Let's Not Forget the Accountants - The American Spectator | USA News and Politics
Let’s Not Forget the Accountants
by

What can you say about a 17-year-old accounting rule that died? That it was beautiful?

Accounting has always been a boring subject to many people. Nevertheless, Financial Accounting Standards Board (FASB) 107, a twenty-nine page document, is emerging as analytical ground zero in the battle to fortify bank balance sheets and stimulate the flow of credit — and jump start the economy as a whole.
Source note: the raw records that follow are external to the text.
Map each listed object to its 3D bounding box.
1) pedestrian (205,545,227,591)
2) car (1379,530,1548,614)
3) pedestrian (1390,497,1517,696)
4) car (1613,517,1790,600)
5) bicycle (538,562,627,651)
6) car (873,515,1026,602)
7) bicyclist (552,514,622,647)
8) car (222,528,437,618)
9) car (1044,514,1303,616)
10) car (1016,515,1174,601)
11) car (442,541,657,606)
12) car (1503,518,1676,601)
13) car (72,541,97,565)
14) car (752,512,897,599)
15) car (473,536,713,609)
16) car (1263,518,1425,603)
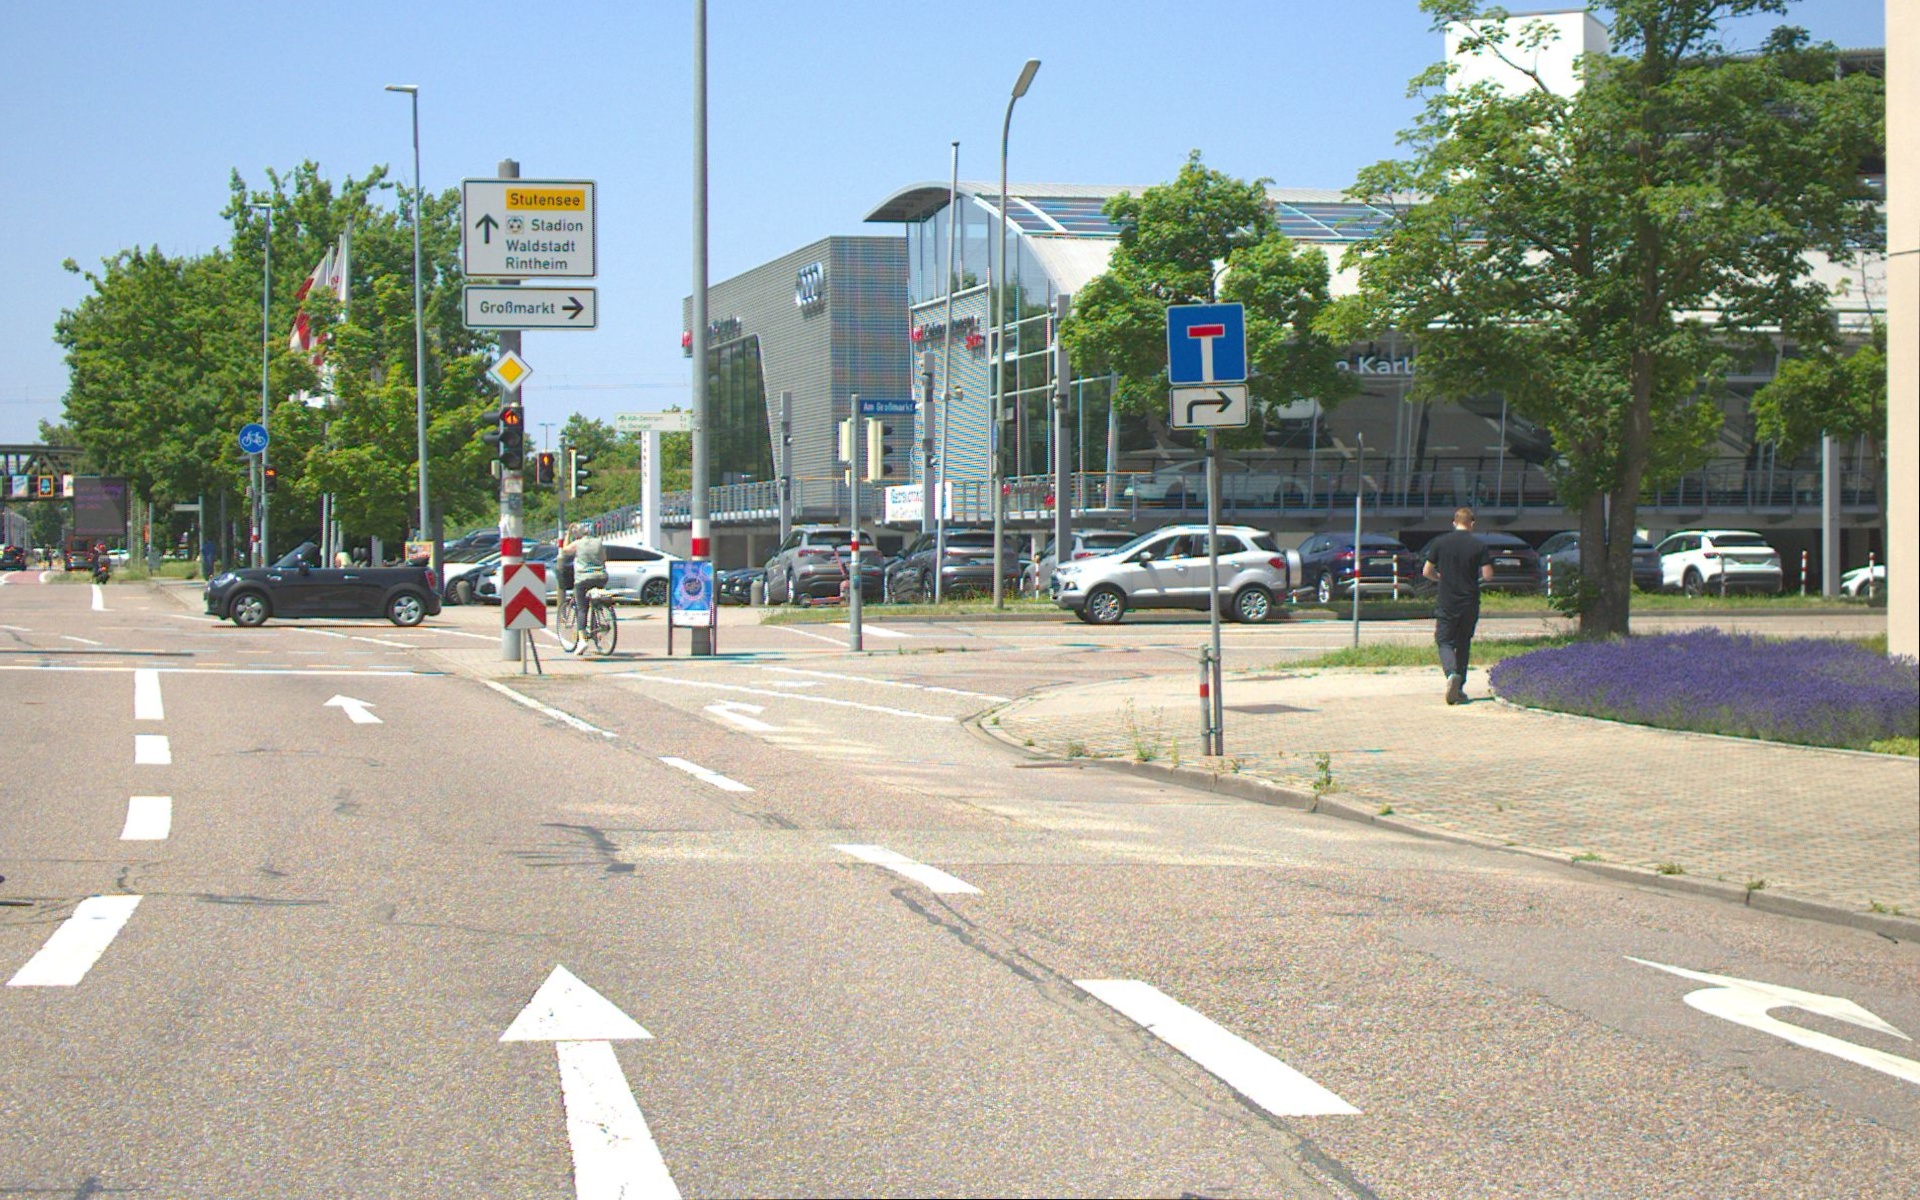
[{"bbox_3d":[-24.445,-1.042,113.014,0.667,1.505,0.736,0,1,-14],"label":"pedestrian"},{"bbox_3d":[10.387,-0.608,71.242,1.827,1.634,4.476,0,2,-15],"label":"car"},{"bbox_3d":[4.669,-0.037,32.518,0.866,1.838,0.773,-2,1,-41],"label":"pedestrian"},{"bbox_3d":[15.594,-0.904,72.540,1.827,1.634,4.476,-1,2,-14],"label":"car"},{"bbox_3d":[-5.031,0.078,45.763,0.786,1.123,1.921,1,2,-18],"label":"bicycle"},{"bbox_3d":[-0.255,-0.862,68.548,1.993,1.634,4.559,-1,2,-14],"label":"car"},{"bbox_3d":[-4.941,-0.263,45.511,0.733,1.743,0.754,1,1,-18],"label":"bicyclist"},{"bbox_3d":[-10.244,-0.448,56.016,3.367,1.353,1.624,1,2,-8],"label":"car"},{"bbox_3d":[3.596,-0.600,58.418,4.194,1.646,1.715,-1,1,-4],"label":"car"},{"bbox_3d":[2.673,-0.882,69.373,1.993,1.634,4.443,-1,2,-14],"label":"car"},{"bbox_3d":[-9.591,-0.633,80.226,4.740,1.452,2.001,0,2,-16],"label":"car"},{"bbox_3d":[13.064,-0.870,71.623,1.827,1.634,4.476,-1,2,-14],"label":"car"},{"bbox_3d":[-63.728,-3.392,250.210,1.771,1.722,4.001,-1,1,-14],"label":"car"},{"bbox_3d":[-2.711,-0.903,67.778,1.993,1.634,4.270,0,2,-14],"label":"car"},{"bbox_3d":[-7.613,-0.579,71.156,4.740,1.452,2.001,0,2,-12],"label":"car"},{"bbox_3d":[7.844,-0.838,70.589,1.827,1.634,4.476,-1,2,-14],"label":"car"}]

Accounting, as we know it today with double entries of debits and credits, is acknowledged to have antecedents dating to the Italian Renaissance. But one must doubt that the accountants of antiquity envisioned accounting architecture to destroy financial markets like a neutron bomb, leaving no stock exchanges and only blank general ledgers.

The mark to market principles of FASB 107 have helped bring the entire world to the edge of an abyss, in which lurk financial monsters and creatures of doom, unseen for several generations. 
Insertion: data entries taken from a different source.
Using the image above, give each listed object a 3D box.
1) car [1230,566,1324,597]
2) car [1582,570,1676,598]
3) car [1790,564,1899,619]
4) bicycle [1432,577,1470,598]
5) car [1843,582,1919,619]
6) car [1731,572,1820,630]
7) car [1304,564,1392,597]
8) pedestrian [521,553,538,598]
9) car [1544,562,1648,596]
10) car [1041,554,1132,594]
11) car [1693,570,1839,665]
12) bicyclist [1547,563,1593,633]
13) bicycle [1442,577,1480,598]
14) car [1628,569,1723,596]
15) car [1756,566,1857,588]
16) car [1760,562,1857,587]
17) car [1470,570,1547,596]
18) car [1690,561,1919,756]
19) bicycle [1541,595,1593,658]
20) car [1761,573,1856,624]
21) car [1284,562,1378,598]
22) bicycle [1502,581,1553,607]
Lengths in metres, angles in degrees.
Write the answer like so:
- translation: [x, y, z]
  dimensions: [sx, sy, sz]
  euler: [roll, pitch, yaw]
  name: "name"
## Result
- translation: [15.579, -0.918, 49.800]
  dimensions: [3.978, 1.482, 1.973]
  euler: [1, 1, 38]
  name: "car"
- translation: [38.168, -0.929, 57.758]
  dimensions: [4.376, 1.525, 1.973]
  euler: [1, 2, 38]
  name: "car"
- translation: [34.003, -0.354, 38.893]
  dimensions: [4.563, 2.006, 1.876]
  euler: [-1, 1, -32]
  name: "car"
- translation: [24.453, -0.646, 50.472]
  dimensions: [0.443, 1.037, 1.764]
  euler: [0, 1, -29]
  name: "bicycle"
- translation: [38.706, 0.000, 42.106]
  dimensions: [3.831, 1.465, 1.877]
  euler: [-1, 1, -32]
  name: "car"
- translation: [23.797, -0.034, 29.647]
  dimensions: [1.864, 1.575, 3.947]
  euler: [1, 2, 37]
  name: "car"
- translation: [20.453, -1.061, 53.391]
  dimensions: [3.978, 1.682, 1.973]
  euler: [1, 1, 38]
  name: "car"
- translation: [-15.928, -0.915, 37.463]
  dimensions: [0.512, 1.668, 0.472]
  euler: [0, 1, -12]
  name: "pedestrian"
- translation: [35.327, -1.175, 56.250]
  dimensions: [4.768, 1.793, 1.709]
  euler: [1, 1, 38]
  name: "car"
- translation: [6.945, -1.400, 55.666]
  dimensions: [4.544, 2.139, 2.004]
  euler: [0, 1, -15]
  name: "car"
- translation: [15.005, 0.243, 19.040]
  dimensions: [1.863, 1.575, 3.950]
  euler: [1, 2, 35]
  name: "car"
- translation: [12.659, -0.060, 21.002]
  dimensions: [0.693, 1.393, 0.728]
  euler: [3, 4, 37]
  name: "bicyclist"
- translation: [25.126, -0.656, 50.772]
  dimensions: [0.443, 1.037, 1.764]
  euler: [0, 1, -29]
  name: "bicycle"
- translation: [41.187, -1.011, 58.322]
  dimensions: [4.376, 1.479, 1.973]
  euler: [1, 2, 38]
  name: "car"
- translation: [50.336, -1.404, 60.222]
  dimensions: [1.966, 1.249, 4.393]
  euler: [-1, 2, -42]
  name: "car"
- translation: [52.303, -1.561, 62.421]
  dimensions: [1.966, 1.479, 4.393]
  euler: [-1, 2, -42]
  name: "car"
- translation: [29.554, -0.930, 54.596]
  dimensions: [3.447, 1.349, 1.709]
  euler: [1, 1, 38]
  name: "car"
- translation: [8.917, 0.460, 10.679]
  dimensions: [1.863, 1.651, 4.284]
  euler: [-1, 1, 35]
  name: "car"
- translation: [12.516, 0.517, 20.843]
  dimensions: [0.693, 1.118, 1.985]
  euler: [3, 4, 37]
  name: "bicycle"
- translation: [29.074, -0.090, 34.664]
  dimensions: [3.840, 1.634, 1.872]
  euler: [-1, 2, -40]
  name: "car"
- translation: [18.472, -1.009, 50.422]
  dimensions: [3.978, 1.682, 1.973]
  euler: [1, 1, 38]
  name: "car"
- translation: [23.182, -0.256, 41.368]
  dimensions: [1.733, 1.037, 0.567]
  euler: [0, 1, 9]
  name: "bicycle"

As the global financial crisis has played out 24/7, and the secondary market for collateralized debt obligations (CDOs) and more specifically mortgage backed securities has seized up, there are few, if any investors to be found, since they have run for the exits. This lack of investors has resulted in colossal losses due to the need of the banks and investment banks to mark to market their asset portfolios, in accordance with FASB 107. Never mind that some securities had unimpaired cash flows and were performing as agreed — or that there was no market to mark to.

FASB 107 contemplates an immediate and disorderly sale environment — what is the price if you have to sell an asset NOW?  It would be like having to write your house down to a fraction of its earlier market value, so that you could sell it in a matter of minutes, electronically on eBay perhaps, or while riding on public transportation, or maybe just to the next passerby.

After the global banking system has been brought to its knees in part by the law of unintended consequences, the accounting industry has now, after the destruction of about $50 trillion of private capital in global terms (source: Asian Development Bank), decided to modify FASB 107. The intent is to be more benign to banks and to allow for valuations based on more orderly liquidation circumstances.  Given this protracted global crisis, and the many cries for reform of mark to market over more than a year, it raises the question of why it has taken so long to modify FASB 107.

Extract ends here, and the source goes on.